Uluslararası Kıbrıs Üniversitesi,folklor/edebiyat yayınında Fatma Acun'un "Milli Mücadele Dönemi Türküleri Üzerine Örnek Çalışma"sında Kurtuluş Savaşı'na atfedilen türkülerle ilgili değerlendirme yer almakta. Bu türküye dair hikaye ise şöyle:
Urfa yöresine ait olan türkünün, “kolumu salladım toplar oynadı” ve “Tılfındır hastane” isimleri altında, yörede yaygın olarak yapılan sıra gecelerinde söylendiği görülmektedir. Türkünün değişik nüshalarıyla ilgili, çeşitli kaynaklarda birbirine benzer hikâyeler yer almaktadır. Bu hikâyeler arasında en kapsamlı olanı şöyledir: I. Dünya Savaşı'nın ardından imzalanan Mondros Mütarekesine istinaden Urfa şehri, önce İngilizler (7 Mart 1919), İngilizlerin ayrılmasıyla da Fransızlar tarafından işgal edilmiştir (31 Ekim 1919). Urfalıların işgal kuvvetlerine şiddetli direnmeleri neticesinde Fransız güçleri, 11 Nisan 1920 sabahı Hastane ve Hızmalı köprü yolunu izleyerek, iki koldan Suruç yönüne şehri terk etmeye başlarlar. Suruç civarında bulunan diğer Fransız kuvvetleriyle birleşip tekrar Urfa'ya dönmemeleri için bir Türk birliği kendilerini geriden takip etmektedir. Fransız öncüleri ve bilhassa öncüde bulunan
Ermeniler yolda ilerlerken köylülere ateş edeler, köylüler de karşılık verir ve bu suretle çatışma
başlar. Takipteki Türk birliğinin Şebeke Boğazı mevkiinde şiddetli bir çatışma yaşandığı şeklindeki raporu üzerine, Urfa ve civardaki köylerden silahlarıyla yetişenler çatışmaya katılırlar ve Fransız kuvvetlerini etkisiz hale getirirler.
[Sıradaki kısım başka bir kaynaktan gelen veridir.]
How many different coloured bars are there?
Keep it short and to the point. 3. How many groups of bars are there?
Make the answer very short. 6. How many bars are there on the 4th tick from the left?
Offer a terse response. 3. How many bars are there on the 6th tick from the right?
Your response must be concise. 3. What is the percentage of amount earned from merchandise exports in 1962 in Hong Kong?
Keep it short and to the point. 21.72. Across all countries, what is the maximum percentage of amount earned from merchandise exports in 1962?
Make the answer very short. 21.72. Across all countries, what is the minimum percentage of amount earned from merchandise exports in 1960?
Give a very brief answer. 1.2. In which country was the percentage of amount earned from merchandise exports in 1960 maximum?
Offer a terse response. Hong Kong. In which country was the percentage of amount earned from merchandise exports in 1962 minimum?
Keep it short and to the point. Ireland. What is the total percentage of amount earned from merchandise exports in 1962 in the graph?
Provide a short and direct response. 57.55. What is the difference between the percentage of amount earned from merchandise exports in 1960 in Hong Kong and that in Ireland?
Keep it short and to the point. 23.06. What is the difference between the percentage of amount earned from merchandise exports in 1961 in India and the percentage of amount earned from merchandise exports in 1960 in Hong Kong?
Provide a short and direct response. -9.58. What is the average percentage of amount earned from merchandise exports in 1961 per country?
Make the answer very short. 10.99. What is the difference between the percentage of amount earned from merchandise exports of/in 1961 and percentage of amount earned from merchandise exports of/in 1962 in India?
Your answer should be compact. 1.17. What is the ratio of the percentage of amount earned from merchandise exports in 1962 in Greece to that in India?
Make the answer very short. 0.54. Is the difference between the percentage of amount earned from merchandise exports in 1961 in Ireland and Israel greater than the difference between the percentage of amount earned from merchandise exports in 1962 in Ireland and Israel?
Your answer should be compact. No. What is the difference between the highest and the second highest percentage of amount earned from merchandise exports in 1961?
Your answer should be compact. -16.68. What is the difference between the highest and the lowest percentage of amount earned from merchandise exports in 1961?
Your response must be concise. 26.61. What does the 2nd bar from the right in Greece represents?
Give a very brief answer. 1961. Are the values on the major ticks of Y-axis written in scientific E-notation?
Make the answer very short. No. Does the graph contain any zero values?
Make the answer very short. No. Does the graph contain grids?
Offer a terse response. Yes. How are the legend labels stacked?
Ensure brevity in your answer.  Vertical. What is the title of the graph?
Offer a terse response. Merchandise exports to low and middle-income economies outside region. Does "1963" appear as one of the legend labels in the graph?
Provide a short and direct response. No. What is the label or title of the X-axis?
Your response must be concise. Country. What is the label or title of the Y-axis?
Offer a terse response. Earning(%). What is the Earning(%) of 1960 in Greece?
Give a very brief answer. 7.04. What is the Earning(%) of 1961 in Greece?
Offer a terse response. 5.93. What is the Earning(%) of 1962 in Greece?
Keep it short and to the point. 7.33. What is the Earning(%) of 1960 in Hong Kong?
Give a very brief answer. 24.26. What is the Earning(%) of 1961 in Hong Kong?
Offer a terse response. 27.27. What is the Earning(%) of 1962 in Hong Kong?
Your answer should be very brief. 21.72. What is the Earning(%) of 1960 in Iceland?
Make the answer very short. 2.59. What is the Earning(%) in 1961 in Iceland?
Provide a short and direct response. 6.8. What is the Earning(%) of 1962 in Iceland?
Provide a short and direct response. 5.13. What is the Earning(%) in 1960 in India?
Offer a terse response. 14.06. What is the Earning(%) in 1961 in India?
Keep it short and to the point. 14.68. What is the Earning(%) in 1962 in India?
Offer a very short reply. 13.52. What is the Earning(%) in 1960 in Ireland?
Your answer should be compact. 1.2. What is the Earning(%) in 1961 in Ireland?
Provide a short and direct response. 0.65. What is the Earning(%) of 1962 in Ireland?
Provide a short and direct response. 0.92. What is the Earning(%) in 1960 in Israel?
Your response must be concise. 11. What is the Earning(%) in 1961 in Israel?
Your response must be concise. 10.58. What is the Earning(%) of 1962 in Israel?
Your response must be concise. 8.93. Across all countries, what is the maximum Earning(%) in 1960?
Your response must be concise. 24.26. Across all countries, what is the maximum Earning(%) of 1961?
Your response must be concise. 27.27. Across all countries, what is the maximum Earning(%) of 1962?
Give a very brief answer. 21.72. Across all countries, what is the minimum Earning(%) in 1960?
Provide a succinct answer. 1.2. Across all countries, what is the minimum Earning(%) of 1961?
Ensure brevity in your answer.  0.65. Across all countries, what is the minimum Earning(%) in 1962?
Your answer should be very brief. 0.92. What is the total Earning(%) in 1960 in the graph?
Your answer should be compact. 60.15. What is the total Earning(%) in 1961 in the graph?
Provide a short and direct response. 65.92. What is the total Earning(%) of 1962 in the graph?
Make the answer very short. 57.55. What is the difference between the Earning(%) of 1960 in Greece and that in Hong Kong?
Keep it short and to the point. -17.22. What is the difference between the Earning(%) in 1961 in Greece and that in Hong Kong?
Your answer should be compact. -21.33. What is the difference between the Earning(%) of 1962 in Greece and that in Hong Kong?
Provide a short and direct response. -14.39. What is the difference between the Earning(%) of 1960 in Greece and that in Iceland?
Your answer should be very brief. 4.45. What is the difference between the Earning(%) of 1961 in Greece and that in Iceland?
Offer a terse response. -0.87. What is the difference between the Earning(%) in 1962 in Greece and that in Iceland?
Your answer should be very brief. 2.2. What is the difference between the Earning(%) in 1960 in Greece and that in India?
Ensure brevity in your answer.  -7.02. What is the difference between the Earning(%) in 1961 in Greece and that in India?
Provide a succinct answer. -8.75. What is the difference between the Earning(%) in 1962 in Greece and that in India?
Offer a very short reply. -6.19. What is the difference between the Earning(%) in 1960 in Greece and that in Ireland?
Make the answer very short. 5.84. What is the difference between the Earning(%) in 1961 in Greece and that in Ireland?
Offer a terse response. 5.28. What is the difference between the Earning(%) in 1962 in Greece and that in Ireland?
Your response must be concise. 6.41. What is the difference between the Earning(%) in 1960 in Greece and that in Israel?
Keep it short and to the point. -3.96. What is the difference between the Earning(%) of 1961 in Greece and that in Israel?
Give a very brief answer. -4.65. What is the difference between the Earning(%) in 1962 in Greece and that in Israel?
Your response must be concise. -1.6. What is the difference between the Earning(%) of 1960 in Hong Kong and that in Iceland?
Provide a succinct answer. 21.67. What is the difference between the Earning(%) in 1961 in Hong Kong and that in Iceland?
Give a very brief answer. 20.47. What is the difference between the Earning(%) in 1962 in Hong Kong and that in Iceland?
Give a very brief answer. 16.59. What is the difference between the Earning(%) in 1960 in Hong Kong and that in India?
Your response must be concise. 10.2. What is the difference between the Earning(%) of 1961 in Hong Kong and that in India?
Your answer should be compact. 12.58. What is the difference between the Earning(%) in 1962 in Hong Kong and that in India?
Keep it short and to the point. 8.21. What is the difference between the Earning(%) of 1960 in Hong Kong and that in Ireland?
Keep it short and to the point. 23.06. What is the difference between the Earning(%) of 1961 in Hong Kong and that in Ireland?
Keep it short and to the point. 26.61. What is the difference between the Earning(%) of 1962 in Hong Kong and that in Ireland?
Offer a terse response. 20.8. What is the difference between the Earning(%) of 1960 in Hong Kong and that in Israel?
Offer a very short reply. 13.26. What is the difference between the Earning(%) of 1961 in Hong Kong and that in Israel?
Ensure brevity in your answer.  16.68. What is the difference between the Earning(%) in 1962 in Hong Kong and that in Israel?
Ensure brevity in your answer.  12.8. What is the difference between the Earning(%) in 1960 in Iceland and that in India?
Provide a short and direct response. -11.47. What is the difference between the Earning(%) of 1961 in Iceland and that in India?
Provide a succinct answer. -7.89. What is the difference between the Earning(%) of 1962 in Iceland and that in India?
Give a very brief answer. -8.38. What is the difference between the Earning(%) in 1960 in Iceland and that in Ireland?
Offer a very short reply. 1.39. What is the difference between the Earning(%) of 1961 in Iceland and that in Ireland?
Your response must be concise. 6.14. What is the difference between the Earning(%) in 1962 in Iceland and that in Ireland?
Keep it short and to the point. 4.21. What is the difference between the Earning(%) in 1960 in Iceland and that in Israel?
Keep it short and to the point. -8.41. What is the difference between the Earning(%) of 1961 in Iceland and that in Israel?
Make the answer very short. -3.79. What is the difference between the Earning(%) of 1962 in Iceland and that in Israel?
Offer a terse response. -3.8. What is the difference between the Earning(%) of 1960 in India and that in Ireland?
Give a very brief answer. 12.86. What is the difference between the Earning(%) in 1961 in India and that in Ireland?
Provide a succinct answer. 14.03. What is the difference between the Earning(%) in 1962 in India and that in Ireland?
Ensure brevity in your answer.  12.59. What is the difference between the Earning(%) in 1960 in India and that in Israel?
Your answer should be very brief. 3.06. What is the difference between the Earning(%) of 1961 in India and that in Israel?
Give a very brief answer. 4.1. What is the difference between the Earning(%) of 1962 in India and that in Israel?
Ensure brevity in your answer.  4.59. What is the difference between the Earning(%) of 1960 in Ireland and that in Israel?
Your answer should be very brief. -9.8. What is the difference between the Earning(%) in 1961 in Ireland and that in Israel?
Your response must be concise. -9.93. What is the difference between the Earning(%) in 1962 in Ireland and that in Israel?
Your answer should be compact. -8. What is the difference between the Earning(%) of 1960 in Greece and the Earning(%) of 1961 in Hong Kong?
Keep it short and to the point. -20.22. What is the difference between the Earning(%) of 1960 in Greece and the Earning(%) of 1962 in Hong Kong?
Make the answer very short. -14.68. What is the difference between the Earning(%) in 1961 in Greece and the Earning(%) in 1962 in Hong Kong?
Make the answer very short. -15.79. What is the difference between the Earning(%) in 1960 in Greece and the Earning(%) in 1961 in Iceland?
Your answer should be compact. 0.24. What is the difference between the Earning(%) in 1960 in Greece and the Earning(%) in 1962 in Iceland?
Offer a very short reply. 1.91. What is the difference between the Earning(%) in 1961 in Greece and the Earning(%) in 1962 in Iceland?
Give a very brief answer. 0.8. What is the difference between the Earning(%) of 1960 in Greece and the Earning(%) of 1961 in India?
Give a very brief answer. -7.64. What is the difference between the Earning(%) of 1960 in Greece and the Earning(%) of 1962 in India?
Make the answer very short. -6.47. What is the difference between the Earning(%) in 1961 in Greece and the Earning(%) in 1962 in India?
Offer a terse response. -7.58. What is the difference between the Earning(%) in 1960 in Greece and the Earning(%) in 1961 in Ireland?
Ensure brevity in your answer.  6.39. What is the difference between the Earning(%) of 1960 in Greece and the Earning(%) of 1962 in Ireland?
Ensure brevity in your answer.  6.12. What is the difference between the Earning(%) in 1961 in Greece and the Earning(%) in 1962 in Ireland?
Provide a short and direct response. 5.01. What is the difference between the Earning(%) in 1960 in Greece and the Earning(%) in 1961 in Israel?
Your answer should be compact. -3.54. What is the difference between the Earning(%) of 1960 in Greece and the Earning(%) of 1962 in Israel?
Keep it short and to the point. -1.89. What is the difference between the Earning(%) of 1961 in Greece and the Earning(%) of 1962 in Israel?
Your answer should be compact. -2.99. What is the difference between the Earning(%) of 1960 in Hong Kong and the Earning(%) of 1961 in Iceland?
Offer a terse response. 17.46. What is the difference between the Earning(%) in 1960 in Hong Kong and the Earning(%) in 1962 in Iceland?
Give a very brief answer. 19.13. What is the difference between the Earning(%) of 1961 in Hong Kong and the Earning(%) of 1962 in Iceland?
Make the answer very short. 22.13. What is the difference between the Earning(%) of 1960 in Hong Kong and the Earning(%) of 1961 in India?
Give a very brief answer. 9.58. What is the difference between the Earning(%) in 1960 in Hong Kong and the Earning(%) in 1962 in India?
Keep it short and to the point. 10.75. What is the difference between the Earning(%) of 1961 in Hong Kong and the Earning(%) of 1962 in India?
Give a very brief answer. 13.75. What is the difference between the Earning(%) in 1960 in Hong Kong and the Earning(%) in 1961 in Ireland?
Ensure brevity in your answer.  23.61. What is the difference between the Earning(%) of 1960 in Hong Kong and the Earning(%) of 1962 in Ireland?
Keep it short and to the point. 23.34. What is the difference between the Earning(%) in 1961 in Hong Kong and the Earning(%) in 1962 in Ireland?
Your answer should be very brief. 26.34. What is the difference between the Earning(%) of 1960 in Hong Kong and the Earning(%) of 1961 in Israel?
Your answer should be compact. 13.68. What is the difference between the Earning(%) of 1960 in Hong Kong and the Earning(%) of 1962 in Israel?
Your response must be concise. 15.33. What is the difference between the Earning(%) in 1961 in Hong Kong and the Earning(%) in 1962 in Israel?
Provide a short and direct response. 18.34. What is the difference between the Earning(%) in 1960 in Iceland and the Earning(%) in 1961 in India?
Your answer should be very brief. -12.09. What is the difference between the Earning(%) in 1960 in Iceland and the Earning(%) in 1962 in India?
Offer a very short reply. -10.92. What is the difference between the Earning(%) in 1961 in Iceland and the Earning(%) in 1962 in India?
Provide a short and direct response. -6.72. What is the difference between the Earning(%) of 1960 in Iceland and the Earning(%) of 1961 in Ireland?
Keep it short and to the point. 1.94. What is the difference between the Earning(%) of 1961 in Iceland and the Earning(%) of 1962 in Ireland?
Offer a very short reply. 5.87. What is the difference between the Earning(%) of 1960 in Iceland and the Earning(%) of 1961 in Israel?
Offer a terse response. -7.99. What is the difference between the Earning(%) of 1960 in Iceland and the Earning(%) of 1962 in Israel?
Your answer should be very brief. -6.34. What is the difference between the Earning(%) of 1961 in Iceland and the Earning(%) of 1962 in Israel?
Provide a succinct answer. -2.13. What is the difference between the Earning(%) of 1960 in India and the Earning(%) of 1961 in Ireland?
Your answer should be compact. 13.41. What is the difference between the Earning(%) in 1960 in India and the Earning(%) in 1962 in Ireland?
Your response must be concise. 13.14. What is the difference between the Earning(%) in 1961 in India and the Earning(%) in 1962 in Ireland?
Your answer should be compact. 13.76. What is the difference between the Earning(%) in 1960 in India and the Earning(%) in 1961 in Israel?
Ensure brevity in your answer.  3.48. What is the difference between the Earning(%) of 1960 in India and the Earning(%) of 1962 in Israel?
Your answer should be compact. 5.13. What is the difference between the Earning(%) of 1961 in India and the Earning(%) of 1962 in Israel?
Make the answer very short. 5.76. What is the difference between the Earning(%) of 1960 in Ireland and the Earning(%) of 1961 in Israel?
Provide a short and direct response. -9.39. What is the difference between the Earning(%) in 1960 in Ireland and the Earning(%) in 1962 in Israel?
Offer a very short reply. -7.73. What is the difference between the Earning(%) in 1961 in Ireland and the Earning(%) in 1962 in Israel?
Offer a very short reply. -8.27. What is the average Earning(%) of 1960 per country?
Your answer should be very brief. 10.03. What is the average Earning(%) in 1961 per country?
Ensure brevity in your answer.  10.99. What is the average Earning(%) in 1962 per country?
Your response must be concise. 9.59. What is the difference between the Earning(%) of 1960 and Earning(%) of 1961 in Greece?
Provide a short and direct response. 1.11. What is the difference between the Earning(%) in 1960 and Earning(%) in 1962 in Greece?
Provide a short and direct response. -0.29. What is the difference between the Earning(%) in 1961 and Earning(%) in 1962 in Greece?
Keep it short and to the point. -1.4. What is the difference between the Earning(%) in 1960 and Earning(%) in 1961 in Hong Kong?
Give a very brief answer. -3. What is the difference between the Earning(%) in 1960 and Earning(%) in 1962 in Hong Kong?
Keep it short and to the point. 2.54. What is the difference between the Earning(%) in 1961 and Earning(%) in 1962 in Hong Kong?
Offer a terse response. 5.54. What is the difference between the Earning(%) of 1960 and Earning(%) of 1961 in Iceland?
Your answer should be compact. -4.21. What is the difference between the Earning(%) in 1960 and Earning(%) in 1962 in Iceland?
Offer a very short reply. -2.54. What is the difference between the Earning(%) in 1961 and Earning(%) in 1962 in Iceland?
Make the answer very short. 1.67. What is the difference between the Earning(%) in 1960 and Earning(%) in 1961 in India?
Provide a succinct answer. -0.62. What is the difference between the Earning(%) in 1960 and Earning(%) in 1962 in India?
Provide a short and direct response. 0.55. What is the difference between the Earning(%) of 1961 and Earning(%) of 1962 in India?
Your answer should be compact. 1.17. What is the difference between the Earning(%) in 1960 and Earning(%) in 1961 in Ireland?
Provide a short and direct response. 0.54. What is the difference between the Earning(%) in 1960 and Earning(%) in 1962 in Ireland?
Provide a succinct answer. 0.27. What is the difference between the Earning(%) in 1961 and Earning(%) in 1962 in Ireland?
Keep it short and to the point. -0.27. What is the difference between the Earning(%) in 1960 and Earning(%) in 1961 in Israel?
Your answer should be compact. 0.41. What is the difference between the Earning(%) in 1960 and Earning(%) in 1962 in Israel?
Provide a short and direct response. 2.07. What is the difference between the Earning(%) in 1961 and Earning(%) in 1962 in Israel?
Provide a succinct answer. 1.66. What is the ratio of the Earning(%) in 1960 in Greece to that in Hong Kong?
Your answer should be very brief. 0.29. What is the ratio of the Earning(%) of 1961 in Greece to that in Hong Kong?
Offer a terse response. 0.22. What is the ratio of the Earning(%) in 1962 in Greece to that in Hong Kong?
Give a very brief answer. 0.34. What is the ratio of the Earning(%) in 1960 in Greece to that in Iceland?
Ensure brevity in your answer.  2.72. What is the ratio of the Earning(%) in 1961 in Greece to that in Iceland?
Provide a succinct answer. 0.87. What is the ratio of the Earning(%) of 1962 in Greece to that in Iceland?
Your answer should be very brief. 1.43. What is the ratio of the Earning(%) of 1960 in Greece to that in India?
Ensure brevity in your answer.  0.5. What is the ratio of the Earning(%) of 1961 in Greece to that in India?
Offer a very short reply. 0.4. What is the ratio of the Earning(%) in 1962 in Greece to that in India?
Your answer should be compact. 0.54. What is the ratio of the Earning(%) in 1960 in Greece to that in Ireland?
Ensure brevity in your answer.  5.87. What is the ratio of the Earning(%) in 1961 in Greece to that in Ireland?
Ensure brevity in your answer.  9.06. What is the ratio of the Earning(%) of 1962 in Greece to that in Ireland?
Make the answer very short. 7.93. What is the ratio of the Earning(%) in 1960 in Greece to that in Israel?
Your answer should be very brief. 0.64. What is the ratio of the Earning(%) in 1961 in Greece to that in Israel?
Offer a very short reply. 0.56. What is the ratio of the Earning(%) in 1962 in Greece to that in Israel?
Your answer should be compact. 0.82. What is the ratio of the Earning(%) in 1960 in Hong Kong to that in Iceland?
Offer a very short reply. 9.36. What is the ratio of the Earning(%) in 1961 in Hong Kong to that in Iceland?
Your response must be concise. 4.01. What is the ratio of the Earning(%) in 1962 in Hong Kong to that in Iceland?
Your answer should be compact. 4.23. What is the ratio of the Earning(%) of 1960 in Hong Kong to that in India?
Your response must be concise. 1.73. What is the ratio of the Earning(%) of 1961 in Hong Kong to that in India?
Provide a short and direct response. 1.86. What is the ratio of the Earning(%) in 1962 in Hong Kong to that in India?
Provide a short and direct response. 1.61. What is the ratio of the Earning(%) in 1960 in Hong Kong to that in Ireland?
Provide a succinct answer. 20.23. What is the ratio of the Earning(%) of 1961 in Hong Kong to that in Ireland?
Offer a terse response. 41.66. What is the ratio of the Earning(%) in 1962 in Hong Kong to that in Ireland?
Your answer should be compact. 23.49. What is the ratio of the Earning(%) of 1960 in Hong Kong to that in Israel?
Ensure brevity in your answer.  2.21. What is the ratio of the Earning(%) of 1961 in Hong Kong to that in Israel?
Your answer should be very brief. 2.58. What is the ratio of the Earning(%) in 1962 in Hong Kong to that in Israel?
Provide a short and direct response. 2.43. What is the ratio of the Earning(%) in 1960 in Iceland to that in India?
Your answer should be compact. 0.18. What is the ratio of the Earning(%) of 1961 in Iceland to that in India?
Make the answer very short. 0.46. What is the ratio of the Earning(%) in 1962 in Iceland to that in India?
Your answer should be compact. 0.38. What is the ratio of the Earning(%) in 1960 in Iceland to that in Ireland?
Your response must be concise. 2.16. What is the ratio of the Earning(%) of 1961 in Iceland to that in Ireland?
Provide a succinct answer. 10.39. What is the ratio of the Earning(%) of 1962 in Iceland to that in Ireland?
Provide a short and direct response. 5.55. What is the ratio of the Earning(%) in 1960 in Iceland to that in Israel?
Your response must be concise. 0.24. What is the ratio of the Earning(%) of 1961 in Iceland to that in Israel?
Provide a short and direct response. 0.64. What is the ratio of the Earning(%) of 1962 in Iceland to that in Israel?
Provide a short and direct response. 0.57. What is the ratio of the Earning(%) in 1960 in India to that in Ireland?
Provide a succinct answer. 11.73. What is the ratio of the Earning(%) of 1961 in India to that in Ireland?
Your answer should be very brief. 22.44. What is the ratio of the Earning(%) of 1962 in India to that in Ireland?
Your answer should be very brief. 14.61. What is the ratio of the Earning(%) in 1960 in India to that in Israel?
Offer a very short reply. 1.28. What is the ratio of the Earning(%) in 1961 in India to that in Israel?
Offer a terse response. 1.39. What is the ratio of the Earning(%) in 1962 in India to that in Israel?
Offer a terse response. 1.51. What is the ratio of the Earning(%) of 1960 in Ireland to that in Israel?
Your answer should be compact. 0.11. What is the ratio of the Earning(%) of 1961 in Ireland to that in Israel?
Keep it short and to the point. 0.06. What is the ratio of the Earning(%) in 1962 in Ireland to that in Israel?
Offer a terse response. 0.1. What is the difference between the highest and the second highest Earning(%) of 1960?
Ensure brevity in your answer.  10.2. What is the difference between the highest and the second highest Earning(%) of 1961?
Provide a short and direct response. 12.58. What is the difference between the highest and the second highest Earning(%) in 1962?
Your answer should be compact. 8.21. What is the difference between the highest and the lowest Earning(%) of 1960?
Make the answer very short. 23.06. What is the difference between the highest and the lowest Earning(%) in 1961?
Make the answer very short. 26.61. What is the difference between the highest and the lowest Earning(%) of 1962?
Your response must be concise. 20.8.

Urfalılar, şehri düşman işgalinden kurtardıkları için sevinç gözyaşları içerisinde dönerken duygularını bu türküyle dile getirmişlerdir”.

Şu Dalma'dan geçtin mi
Soğuk sular içtin mi
Efelerin içinde
Yörük Ali'yi seçtin mi

Yörük Ali (1896-1953) Batı Anadolu'daki Milli Mücadele'de yer almış Kuvây-ı Milliye ve ordu mensuplarının hatıralarında ismi sıkça geçen, birçok yararlıklarıyla meşhur olmuş efelerdendir. Aydın-Sultanhisar civarındaki göçebe Türkmen oymağındandır. Üç sene çetecilik yaptıktan sonra köy hayatına dönmüştür. Yunanlıların İzmir'i ve Aydın'ı işgal etmesi üzerine, tekrar küçük bir çete kurmuştur. Haziran 1920'de çetesiyle birlikte Menderes Nehri'ni sallarla geçerek Malkoç adlı tren köprüsünü muhafaza eden Yunan karakoluna başarılı bir baskın gerçekleştirmiştir. Aydın ve Köşk cephesinde bir buçuk sene kadar vuruşan ve bölgedeki çatışmalarda çok faydası görülen kuvvetler. Yörük Ali Müfrezesi adıyla anılmıştır. Yörük Ali Efe'ye İstiklal Madalyası ve Milis Beratı verilmiştir.


Demirci de Mehmet Efem de geliyor açılsın yollar
Sıralanmışta koç yiğitler kaçılsın dağlar
Yürü bre Demirci de Mehmet Efem dağlar yürüsün
Hainleri düşmanları korkuda bürüsün

: Demirci Mehmet Efe (1885-1959). Milli Mücadele'de yararlığı görülen efelerden biridir. Nazilli ilçesinin Pirlibey köyündendir. Efe olmadan önce demircilik yapmış, bu sebeple “Demirci” sanı ile ünlenmiştir. I. Dünya Savaşı sırasında
kendisine karşı yapılan onur kırıcı bir olaydan dolayı askerden kaçmış, köyüne dönerek zeybek olmuş, dağa çıkmıştır. 15 Mayıs 1919'da Yunan kuvvetlerinin İzmir'e çıkmasından sonra Milli Mücadele'ye katılmıştır.Düşman Nazilli'ye gelince, Demirci Mehmet Efe'nin zararsız duruma getirilmesi için kendisine önemli armağanlar göndererek generallik vaadinde bulunulur. Demirci Mehmet Efe bunları geri çevirerek, düşmanla savaşa girişir. Bu arada düşmanın elinde bulunan Nazilli'deki silah deposunu basarak kendi adamlarına dağıttır ve zeybekler ordusunun Demirci Alayını kurmaya başlar.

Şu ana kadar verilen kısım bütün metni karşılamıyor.